In order to retrieve one of these values, an index into wanted struct array is given along with a string key such as field_ids[%i].name_idx.

libyara/modules/dex.c:350
int32_t load_encoded_field(
    DEX* dex,
    size_t start_offset,
    uint32_t *previous_field_idx,
    int index_encoded_field,
    int static_field,
    int instance_field)
{
...
encoded_field.field_idx_diff = (uint32_t) read_uleb128(
    (dex->data + start_offset + current_size), &current_size); [0]

encoded_field.access_flags = (uint32_t) read_uleb128(
    (dex->data + start_offset + current_size), &current_size);

*previous_field_idx = encoded_field.field_idx_diff + *previous_field_idx;

int name_idx = (int) get_integer(
    dex->object, "field_ids[%i].name_idx", *previous_field_idx); [1]

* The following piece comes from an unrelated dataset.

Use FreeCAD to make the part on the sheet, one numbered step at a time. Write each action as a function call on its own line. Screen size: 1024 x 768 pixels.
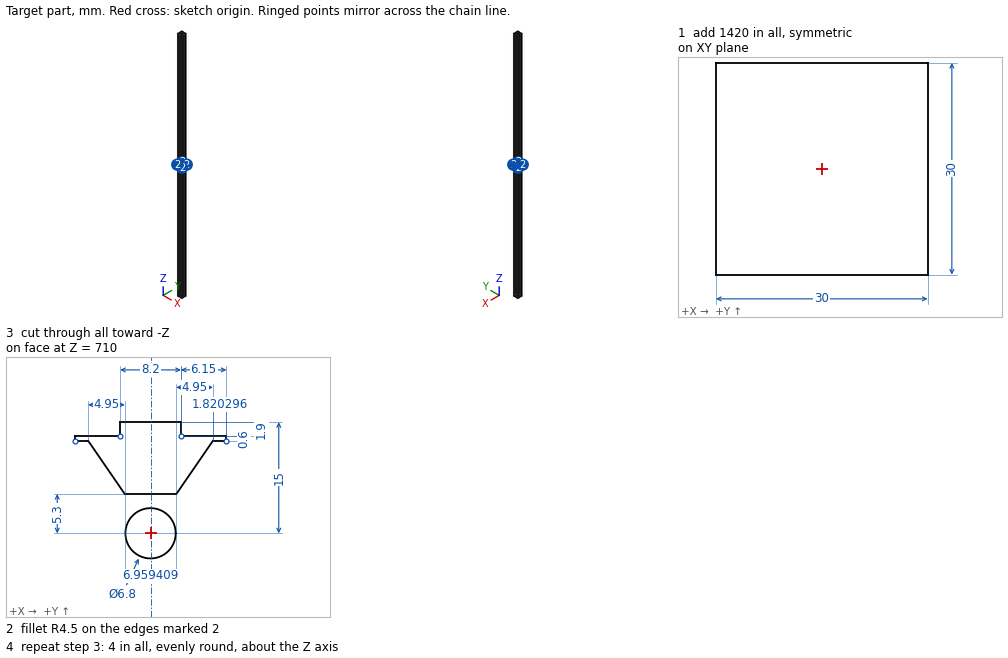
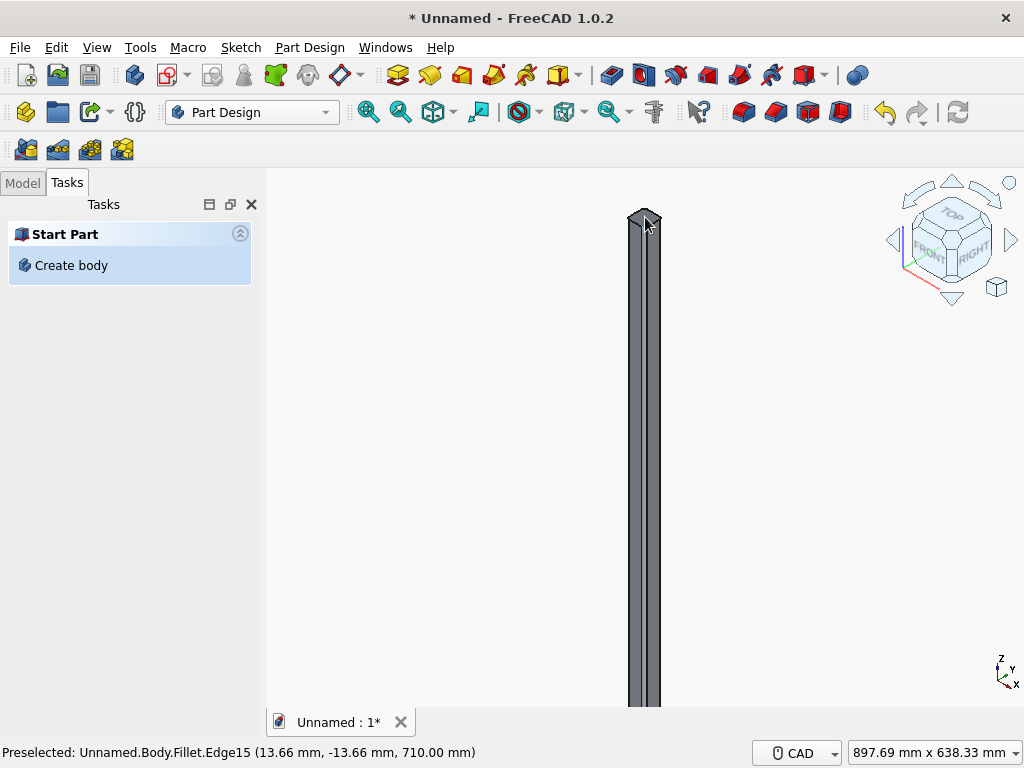
click(644, 214)

Above is trying to reading a value [0] from the Dex binary and asking for the integer parsed at this index [1] from the field_ids array. In order to retrieve the integer, a lookup through the Dex object is performed.

libyara/object.c:896
int64_t yr_object_get_integer(
    YR_OBJECT* object,
    const char* field,
    ...)
{
YR_OBJECT* integer_obj;

va_list args;
va_start(args, field);

if (field != NULL)
    integer_obj = _yr_object_lookup(object, 0, field, args); [2]
else
    integer_obj = object;

In this case, [2] object is the dex->object, field is field_ids[%i].name_idx, and args is previous_field_idx which depended on a read in value from the Dex file. The implementation of the generic object lookup is below.

libyara/object.c:422
static YR_OBJECT* _yr_object_lookup(
    YR_OBJECT* object,
    int flags,
    const char* pattern,
    va_list args)
{
    YR_OBJECT* obj = object;

    const char* p = pattern;
    const char* key = NULL;

    char str[256];

    int i;
    int index = -1;

    while (obj != NULL)
    {
        ...
        if (*p == '[')
        {
        p++;

        if (*p == '%')
        {
            p++;

            switch(*p++)
            {
            case 'i':
                index = va_arg(args, int);
                break;
            case 's':
                key = va_arg(args, const char*);
                break;

            default:
                return NULL;
            }
        }
        ...

This function implements a minimal format string parser. In particular, the value %i treats the current args function parameter as as an integer, overwriting the original value of -1. The function continues to attempt to retrieve the indexed value from the object.

libyara/object.c:503
switch(obj->type)
{
    case OBJECT_TYPE_ARRAY:
        assert(index != -1);
        obj = yr_object_array_get_item(obj, flags, index);
        break;

    case OBJECT_TYPE_DICTIONARY:
        assert(key != NULL);
        obj = yr_object_dict_get_item(obj, flags, key);
        break;
}

Based on the current object's type, a particular function is called to handle the wanted functionality. The index is checked to ensure it was overwritten and has a value that was different than the original value of -1. Failing this check, the program aborts. If an attacker crafts the binary scanned by yara to have a -1 read in at [0], the overwritten index value is still -1, causing the abort to trigger. If yara scans a directory of samples containing this malicious binary, due to the denial of service, the other samples would not be scanned and could be overlooked.

Timeline

2019-02-19 - Vendor Disclosure
2019-02-20 - Plain text copy of report issued per vendor request
2019-02-22 - Vendor patched

Credit

Discovered by Cory Duplantis of Cisco Talos.